What counts as a “reportable transaction”

This is where founders trip. A reportable transaction is broader than “sales.” It includes nearly any money or value that moved between you and your LLC during the year:

  • Capital you put in. Wiring $5,000 to open the company’s bank account is a reportable contribution.
  • Money you take out. Distributions, owner draws, or paying yourself back.
  • Expenses you paid personally on the company’s behalf, and the company reimbursed.
  • Loans in either direction, and interest on them.

The practical upshot: if your LLC has a bank account that you funded, you almost certainly have at least one reportable transaction — which is why “my company was dormant” is not a reason to skip the filing.

Deadlines and extensions

For a calendar-year LLC, Form 5472 with the pro-forma 1120 is due April 15 of the following year. If your LLC uses a different fiscal year, it’s the 15th day of the fourth month after year-end.

You can extend the deadline to October 15 by filing Form 7004 before the original due date. The extension is automatic — you don’t need a reason — but it must be filed on time to count. An extension to file is not an extension to pay, though for most disregarded LLCs there’s no tax due anyway.

$25,000
is the minimum penalty for filing Form 5472 late, incompletely, or not at all — assessed per form, per year, with no income threshold.

The $25,000 penalty, and how it compounds

The penalty for a late or incomplete 5472 starts at $25,000 per year, per company. If the IRS sends a notice and you don’t fix it within 90 days, an additional $25,000 can accrue for each 30-day period the failure continues. Because the form has been required since 2017, founders who never knew about it can face stacked penalties across multiple years at once.

There is relief. The IRS offers reasonable-cause abatement, and first-time filers who come forward voluntarily often have penalties reduced or removed — but it’s a process, and it’s far cheaper to simply file on time. If you’ve already missed a year, don’t wait for a notice; a proactive late filing with a reasonable-cause statement is the strongest position.

How to file when you live abroad

Three things make this filing awkward from outside the U.S., and each has a clean answer:

  1. You need an EIN, not an SSN. The LLC files under its own Employer Identification Number. You can get one as a foreign owner without a Social Security Number — it just can’t be done through the online tool.
  2. It can’t be e-filed. The 5472 + pro-forma 1120 package must be mailed or faxed to a specific IRS unit in Ogden, Utah. Keep proof of mailing.
  3. The forms reference each other. The 1120 has to be marked “foreign-owned U.S. DE” and attached correctly, or the IRS treats it as not filed.

This is exactly the filing ForeignFile prepares and mails for you through foreignfile.tax — the status then shows up on your compliance dashboard, so you can see it move from due to filed without tracking an envelope across the Atlantic.


Common questions

My LLC made no money. Do I still file?

Almost certainly yes. The trigger is a reportable transaction, not profit — and funding the company's bank account is a reportable transaction. Dormant doesn't mean exempt.

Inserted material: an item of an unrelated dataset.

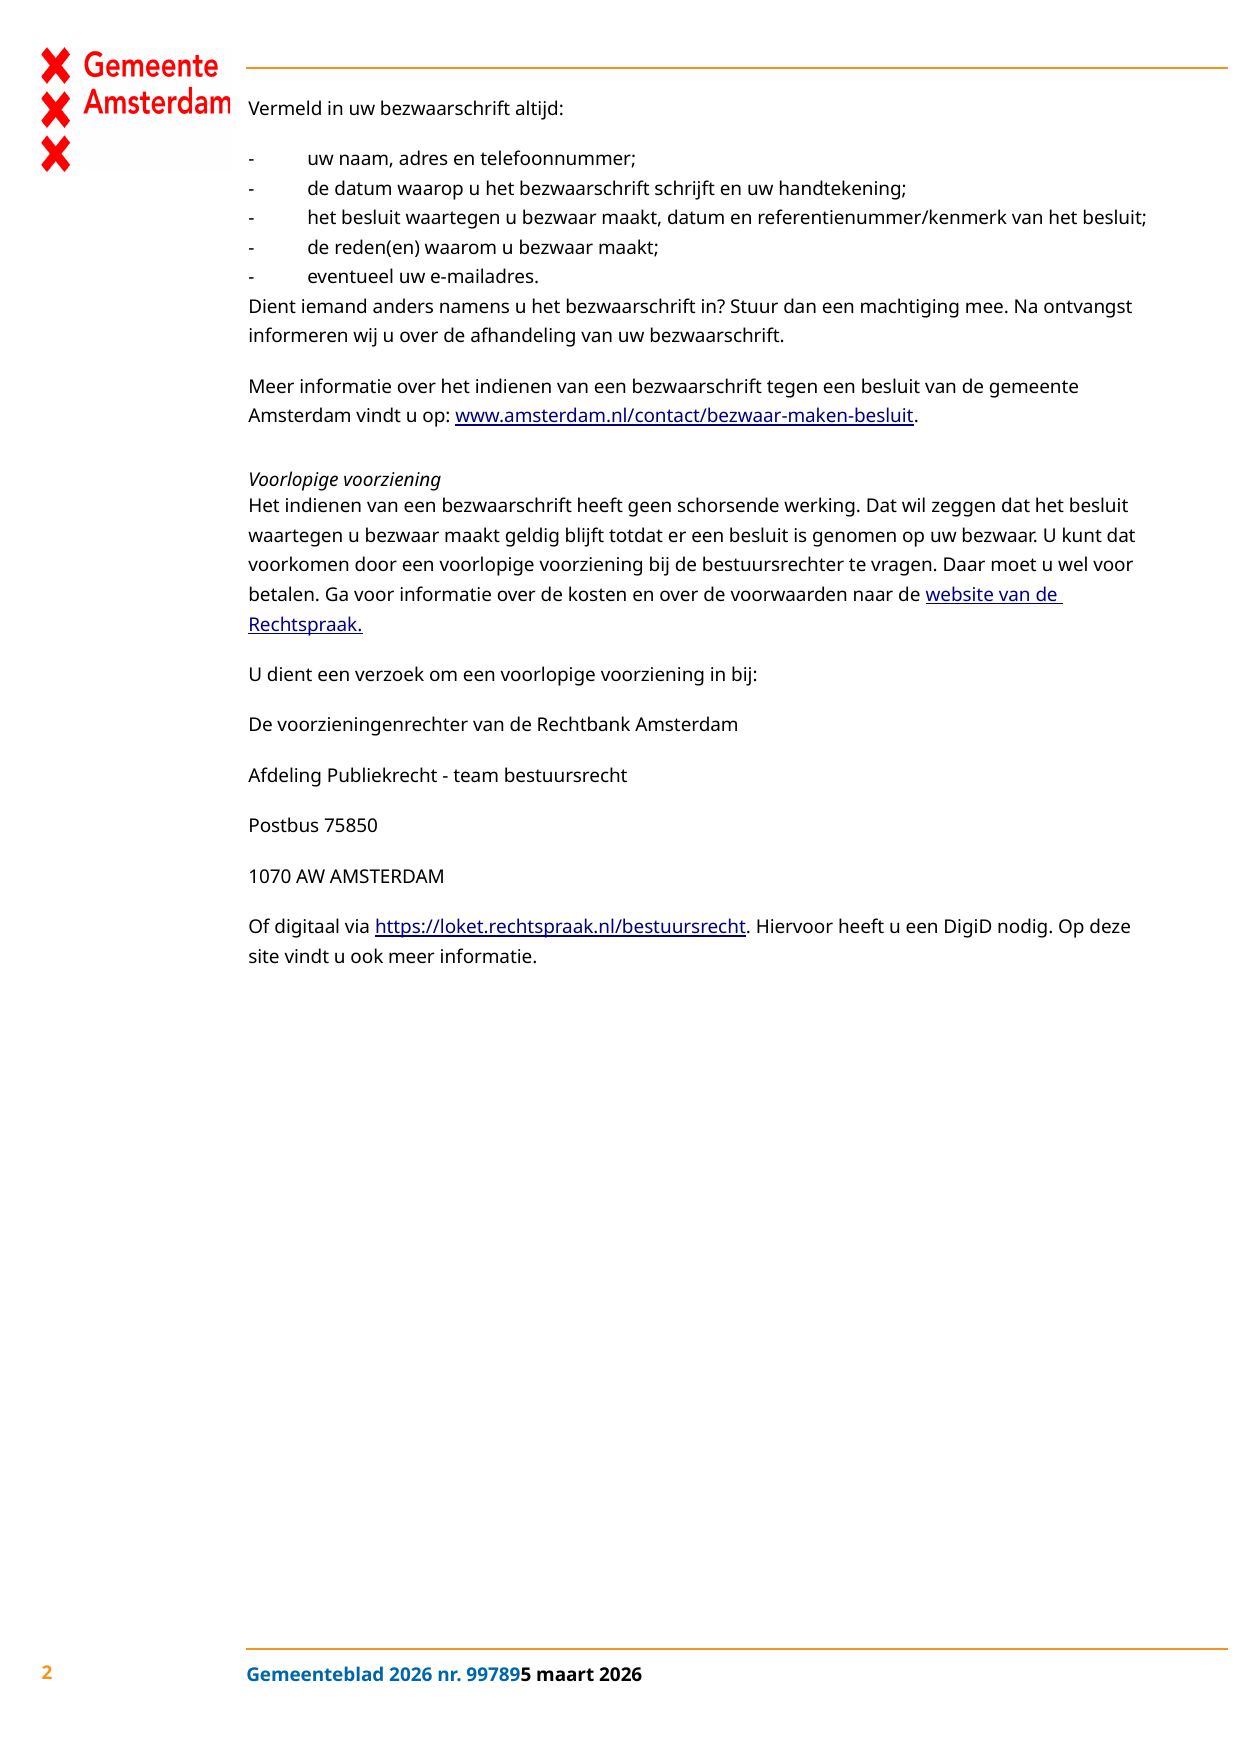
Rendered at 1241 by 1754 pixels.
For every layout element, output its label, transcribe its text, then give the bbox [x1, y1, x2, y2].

I have a multi-member LLC. Does this apply?

No — a multi-member LLC is a partnership by default and files Form 1065 instead. Different form, different deadline. See our partnership guide.

Can I file it myself?

You can. The forms are short, but the failure modes (wrong attachment, missing the "foreign-owned DE" marking, mailing to the wrong unit) are what trigger penalties. If you're confident, file early so you have time to fix a rejection.

This resource is general information for non-U.S. owners of U.S. LLCs and was reviewed for accuracy in Jun 12, 2026. It is not legal or tax advice for your specific situation. Penalty figures are illustrative maximums published by the relevant agencies.